As the myth of Icarus taught us, flying too close to the sun results in getting burned. This applies to within our atmosphere alone- there’s a reason the only hospitable planet in our solar system is nearly 100 million miles away from the star. But what if we could get closer- within only a few million miles? It might be impossible for humans, but it’s not for the Parker Solar Probe.
The probe, spearheaded by NASA, was launched in 2018 with the goal of providing new data on solar activity and further exploring the surface of the sun. With the knowledge gained from the mission, its hoped that it will be easier to predict “major space-weather events that impact life on Earth.” In a world so technology-based, such phenomena have a very real chance of disrupting normal life.

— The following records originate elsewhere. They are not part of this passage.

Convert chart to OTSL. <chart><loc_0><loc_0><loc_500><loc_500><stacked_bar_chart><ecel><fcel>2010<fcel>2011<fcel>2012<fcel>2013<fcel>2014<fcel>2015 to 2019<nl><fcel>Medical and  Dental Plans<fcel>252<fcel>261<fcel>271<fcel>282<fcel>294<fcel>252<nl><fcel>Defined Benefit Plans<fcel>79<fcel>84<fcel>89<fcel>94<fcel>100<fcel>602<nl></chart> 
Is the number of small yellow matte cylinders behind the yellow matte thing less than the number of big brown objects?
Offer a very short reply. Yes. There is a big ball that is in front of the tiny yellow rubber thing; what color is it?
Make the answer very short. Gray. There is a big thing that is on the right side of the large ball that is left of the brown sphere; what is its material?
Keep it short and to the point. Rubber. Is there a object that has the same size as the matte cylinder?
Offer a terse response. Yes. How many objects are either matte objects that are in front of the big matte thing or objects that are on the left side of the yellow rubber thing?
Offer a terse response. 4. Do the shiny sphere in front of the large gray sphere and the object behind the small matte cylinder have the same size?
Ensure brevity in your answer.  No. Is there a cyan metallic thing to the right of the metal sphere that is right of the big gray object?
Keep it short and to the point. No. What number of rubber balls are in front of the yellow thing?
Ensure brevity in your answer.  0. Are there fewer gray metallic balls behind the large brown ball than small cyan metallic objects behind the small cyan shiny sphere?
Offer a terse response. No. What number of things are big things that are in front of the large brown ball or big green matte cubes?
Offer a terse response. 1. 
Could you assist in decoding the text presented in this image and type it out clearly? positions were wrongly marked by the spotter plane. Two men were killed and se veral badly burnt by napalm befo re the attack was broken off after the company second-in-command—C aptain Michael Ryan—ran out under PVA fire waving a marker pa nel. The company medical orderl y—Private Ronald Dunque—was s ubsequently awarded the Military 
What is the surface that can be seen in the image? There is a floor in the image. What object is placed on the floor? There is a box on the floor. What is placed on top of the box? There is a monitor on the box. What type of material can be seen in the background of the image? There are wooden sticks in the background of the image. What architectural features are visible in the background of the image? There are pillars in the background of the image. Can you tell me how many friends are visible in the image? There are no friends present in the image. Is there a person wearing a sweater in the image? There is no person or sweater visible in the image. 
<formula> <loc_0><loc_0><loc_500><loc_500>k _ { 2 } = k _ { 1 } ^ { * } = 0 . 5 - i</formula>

This is why the Parker Solar Probe (PSP, not to be confused with the PlayStation Portable) is so vital to scientists.
The name comes from Dr. Eugene Newman Parker, who proposed that stars, including our own sun, gave off energy. This was in the 1950s, long before widespread understanding of solar power. Dubbing the energy “solar wind,” Parker also theorized that the corona of the sun was actually hotter than the surface. Ultimately, his hypothesizes would be deemed correct and would be the basis for spacecraft and additional theories regarding stars and their magnetic fields. The Parker Solar Probe is the first project to be named after a living person.

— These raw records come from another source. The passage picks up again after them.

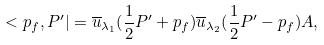<formula> <loc_0><loc_0><loc_500><loc_500>< p _ { f } , P ^ { \prime } | = \overline { u } _ { \lambda _ { 1 } } ( \frac { 1 } { 2 } { P } ^ { \prime } + { p } _ { f } ) \overline { u } _ { \lambda _ { 2 } } ( \frac { 1 } { 2 } { P } ^ { \prime } - { p } _ { f } ) A ,</formula> 
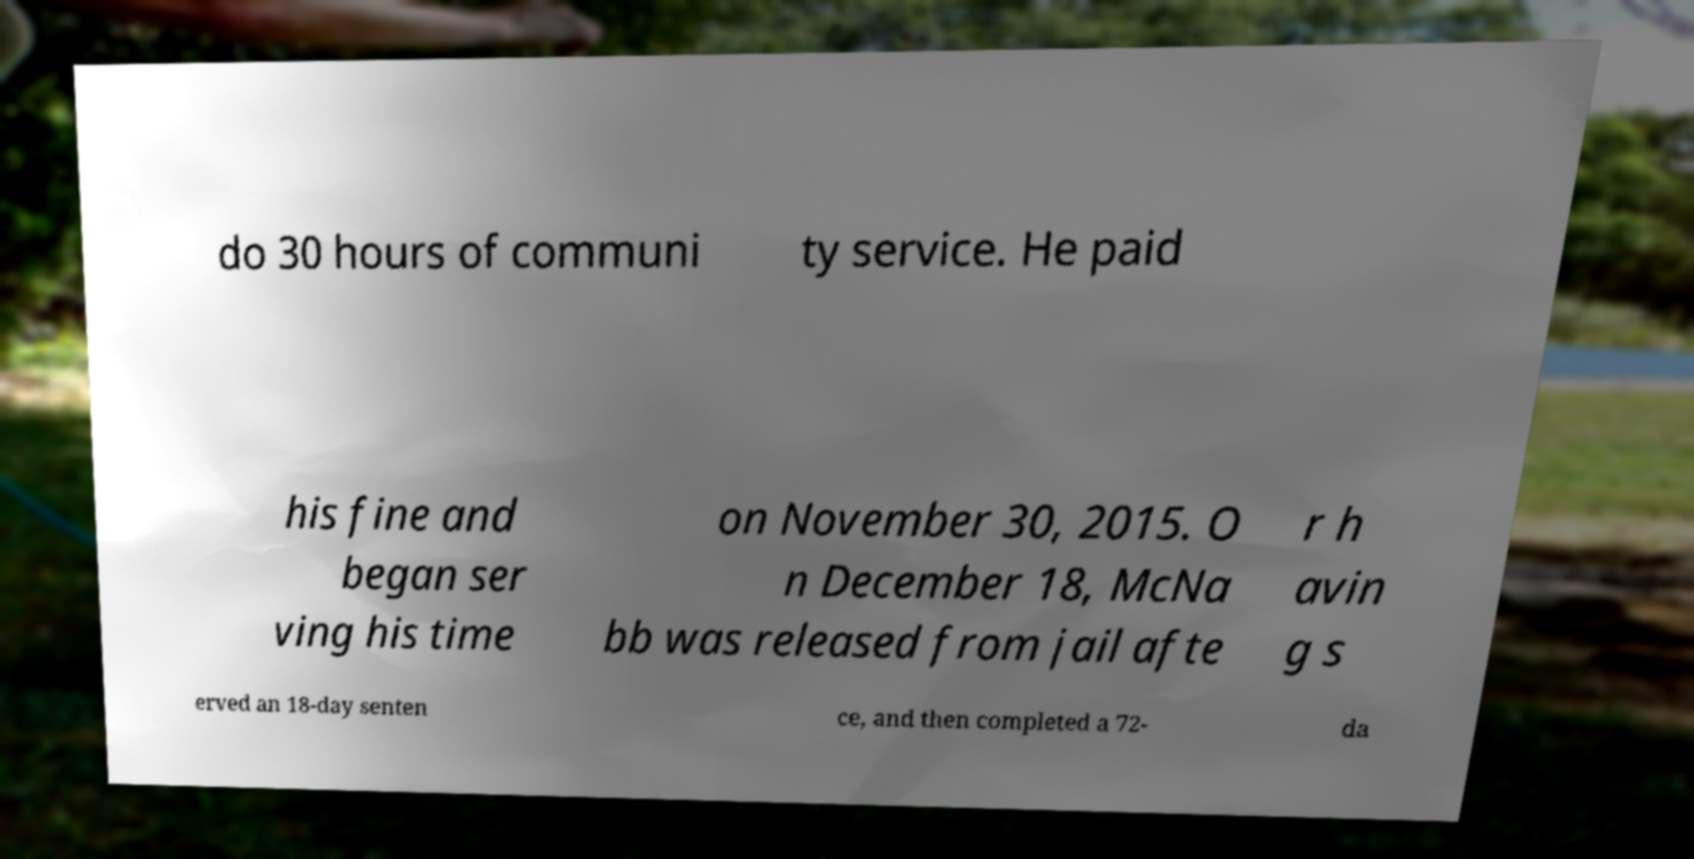Can you accurately transcribe the text from the provided image for me? do 30 hours of communi ty service. He paid his fine and began ser ving his time on November 30, 2015. O n December 18, McNa bb was released from jail afte r h avin g s erved an 18-day senten ce, and then completed a 72- da 
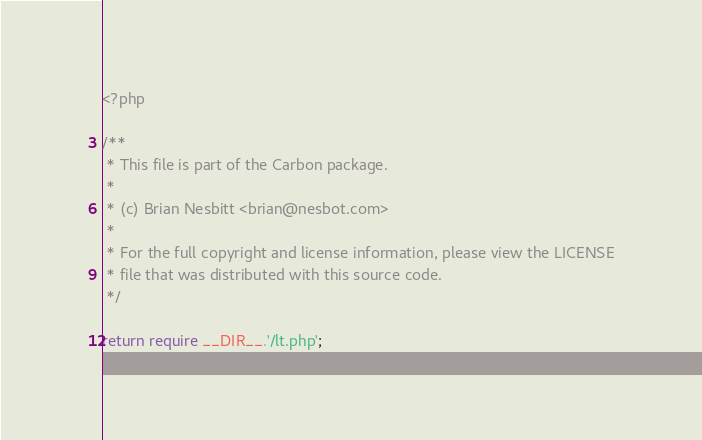Convert code to text. <code><loc_0><loc_0><loc_500><loc_500><_PHP_><?php

/**
 * This file is part of the Carbon package.
 *
 * (c) Brian Nesbitt <brian@nesbot.com>
 *
 * For the full copyright and license information, please view the LICENSE
 * file that was distributed with this source code.
 */

return require __DIR__.'/lt.php';
</code> 
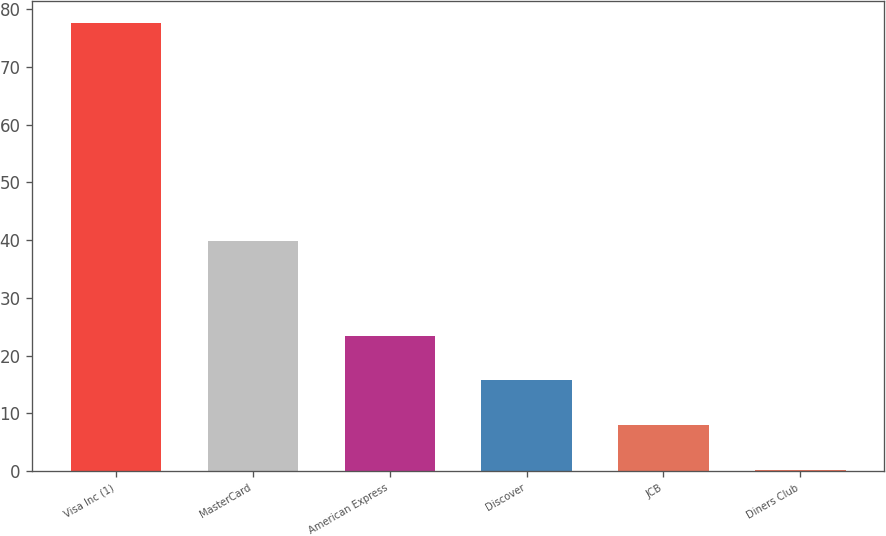Convert chart to OTSL. <chart><loc_0><loc_0><loc_500><loc_500><bar_chart><fcel>Visa Inc (1)<fcel>MasterCard<fcel>American Express<fcel>Discover<fcel>JCB<fcel>Diners Club<nl><fcel>77.6<fcel>39.8<fcel>23.42<fcel>15.68<fcel>7.94<fcel>0.2<nl></chart> 
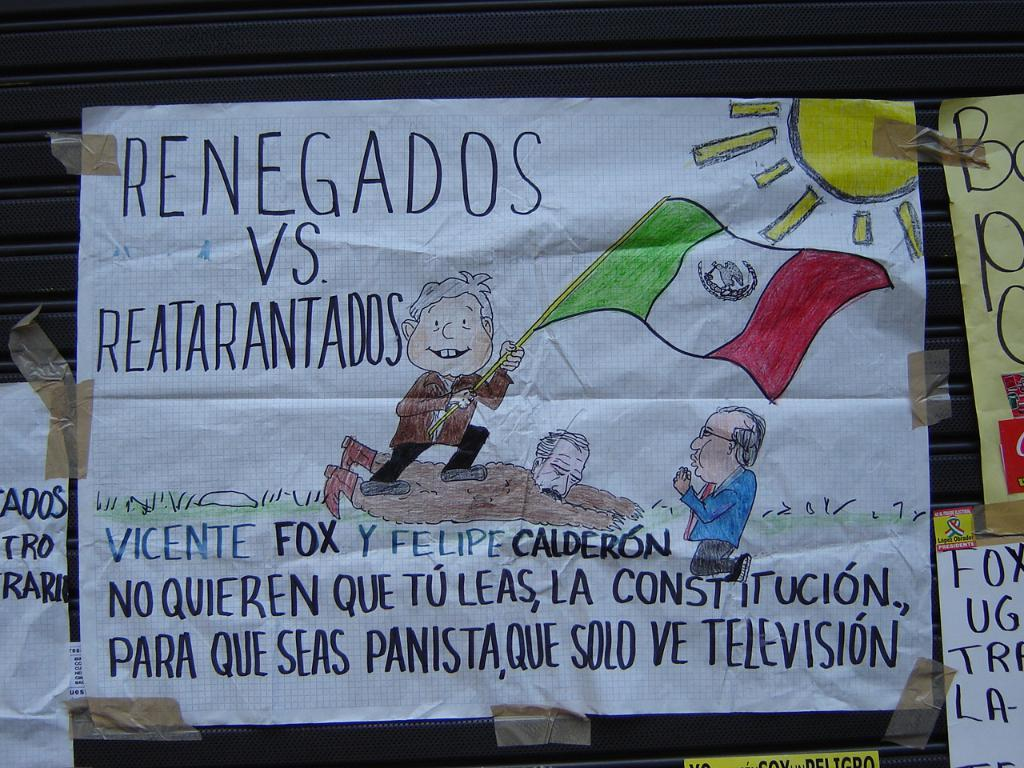Provide a one-sentence caption for the provided image. A hand made sign that is written in Spanish and references Renegados vs. Reatarantados.

The design for the Parker Solar Probe first went under review in March of 2015. Testing began in July the following year. Throughout 2017, the parts were shipped and put through additional testing, before the big day. On August 12, 2018 at 3:31 in the morning, the probe was launched and well on its way. It is planned to stay in orbit with multiple perihelion stops and flybys of Venus until 2025.
Fast Forward to 2024
The most important event isn’t for a while, however. According to NASA’s timeline, the PSP is planned to complete its first close approach during its perihelion on December 24, 2024. As of this writing, the probe has just finished its second perihelion and is preparing for its third on September 1, 2019. A second Venus flyby is scheduled for right after Christmas. Nickalaus Pinkine, the PSP mission operations manager at John Hopkins Applied Physics Laboratory says “the spacecraft is performing as designed, and it was great to be able to track it during this entire perihelion. We’re looking forward to getting the science data down from this encounter in the coming weeks so the science teams can continue to explore the mysteries of the corona and the Sun.”

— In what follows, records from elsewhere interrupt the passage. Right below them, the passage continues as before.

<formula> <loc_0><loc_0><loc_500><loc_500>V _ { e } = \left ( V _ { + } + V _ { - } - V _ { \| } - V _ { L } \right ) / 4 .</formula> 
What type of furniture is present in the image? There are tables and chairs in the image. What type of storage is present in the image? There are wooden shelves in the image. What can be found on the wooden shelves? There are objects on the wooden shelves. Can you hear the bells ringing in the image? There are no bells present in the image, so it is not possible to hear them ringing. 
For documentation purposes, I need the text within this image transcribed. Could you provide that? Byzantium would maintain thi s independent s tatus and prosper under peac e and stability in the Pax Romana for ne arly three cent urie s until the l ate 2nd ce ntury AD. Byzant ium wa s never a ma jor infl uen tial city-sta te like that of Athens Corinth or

Regarding the launch itself, Science Mission Directorate associate administrator Thomas Zurbuchen said “this mission truly marks humanity’s first visit to a star that will have implications not just here on Earth, but how we better understand our universe. We’ve accomplished something that decades ago lived solely in the realm of science fiction.” Other team members expressed joy and hope that the rest of the mission will be as successful as the probe’s launch. And why shouldn’t they? Six decades of research went into creating the device that will finally teach us about our own sun.
To touch the surface of the sun is impossible. This is just fact; nothing can survive the unimaginably intense heat. But every day, we are inching closer. Sometimes, it doesn’t take physical contact to ensure progress has been made. A few steps forward is still progress. Dr. Parker would undoubtedly agree as he saw the probe bearing his name launch and finally bring his theories to life.